Spider mite populations are reduced by cool, wet conditions early in the season. Considerable natural control is provided by lady beetles (Stethorus spp.) and minute pirate bugs (Orius spp.). Predator mites such as Typhlodromus spp. or Neoseiulus fallacis (syn. Amblyseius fallacis) are also effective at managing populations of spider mites and may be purchased. Avoid pyrethroid sprays during the growing season.
Spider mite infestations are favored by dry, dusty conditions, so avoid creating these problems and stressing the plants. The use of cover crops also reduces dust and mite problems. However, broadleaf weeds like mallow, bindweed, white clover, and knotweed enhance mite numbers. Suppression of these weeds with cultivation or grasses may reduce mite numbers. Mites may be washed from the tree with a strong stream of water. Water trees properly, as drought-stressed trees are more susceptible. Avoid excessive nitrogen applications, as this encourages mites.
Management-chemical control: HOME USE
Note: Spider mites can rapidly develop resistance to chemical controls.
- superior-type oil (European red mite only)-Some formulations are OMRI-listed for organic use.
- azadirachtin (neem extract)-Some formulations are OMRI-listed for organic use.
- carbaryl-Peach only.
- horticultural mineral oil-Some formulations OMRI-listed for organic use.
- insecticidal soap-Avoid spraying when blossoms are present. Complete coverage, especially undersides of leaves, is essential. Not recommended for use on yellow-skin nectarine varieties.

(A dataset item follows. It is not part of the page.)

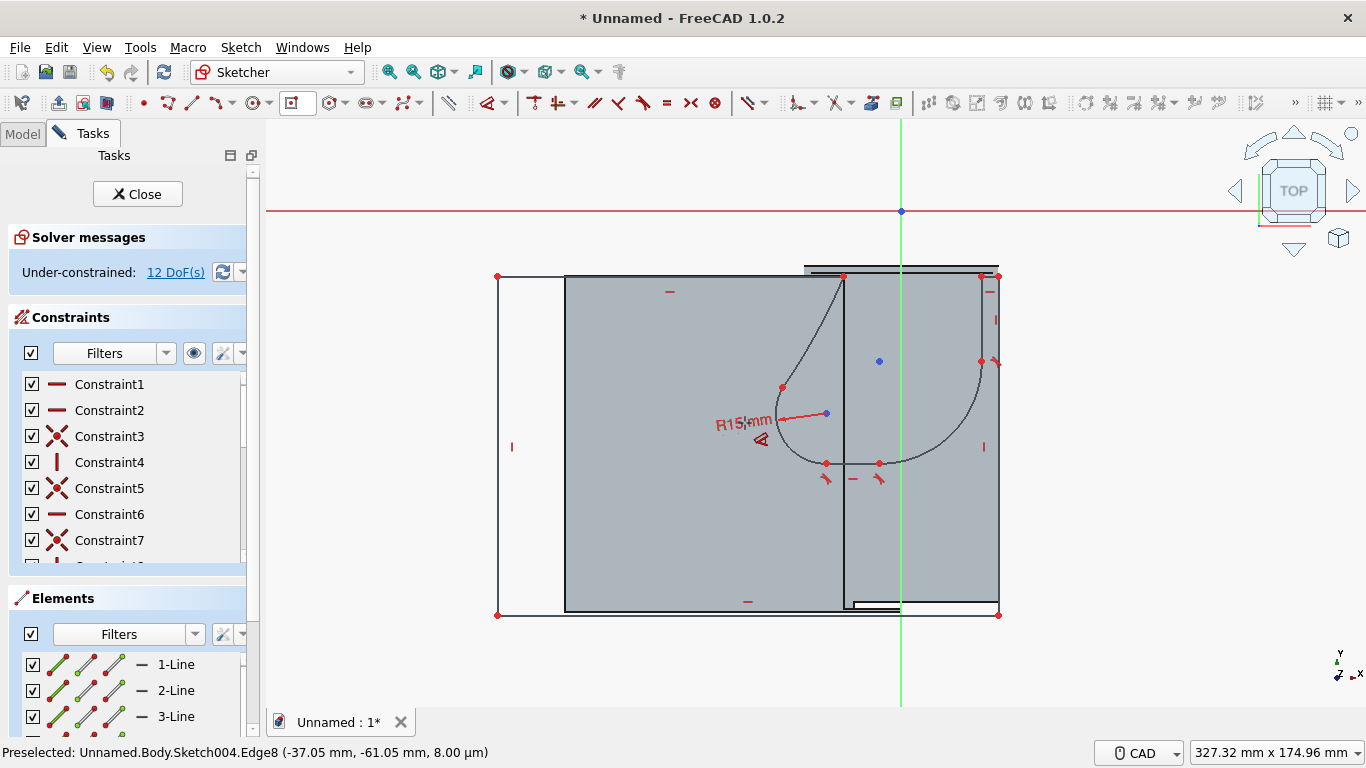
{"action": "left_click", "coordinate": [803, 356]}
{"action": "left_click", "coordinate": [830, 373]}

Some formulations are OMRI-listed for organic use.
- malathion-Peach only.
- permethrin-Peach only.
- plant-derived essential oils-Some have shown efficacy against spider mites. Some formulations are OMRI-listed for organic use.
- pyrethrins-Some formulations are OMRI-listed for organic use.
- spinosad-Some formulations are OMRI-listed for organic use
- sulfur-Some formulations are OMRI-listed for organic use.
Management-chemical control: COMMERCIAL USE
Dormant to delayed-dormant spray
- horticultural mineral oil-Rates vary; check product label. REI varies; check product label.
Spring and summer sprays
- bifenazate (Acramite 50WS) at 0.75 to 1 lb/a. REI 12 hr. PHI 3 days. Do not exceed one application per season. Primarily active towards the motile stages of mites, but has some ovicidal activity.
- clofentezine (Apollo SC) at 4 to 8 fl oz/a. REI 12 hr. PHI 21 days. Apply only once per season and at first sign of egg deposition. Clofentezine and hexythiazox are primarily mite ovicides and will not control adult mites.
- fenbutatin-oxide (Vendex 50WP) at 1 to 2 lb/a. REI 48 hr. PHI 14 days. Do not exceed two applications or 3 lb/a per season. Apply when mites first appear.
- hexythiazox (Savey 50DF) at 3 to 6 oz/a. REI 12 hr. PHI 28 days. Apply only once per season and at first sign of egg deposition. Hexythiazox and clofentezine are primarily mite ovicides and will not control adult mites.
- spirodiclofen (Envidor 2SC) at 16 to 18 fl oz/a. REI 12 hr. PHI 7 days. Only one application per crop season. Apply when mites first appear.
Resistance management Spider mites can rapidly develop resistance to chemical controls. Clofentezine and hexythiozox have a similar mode of action and should not be applied to the same crop In any one year.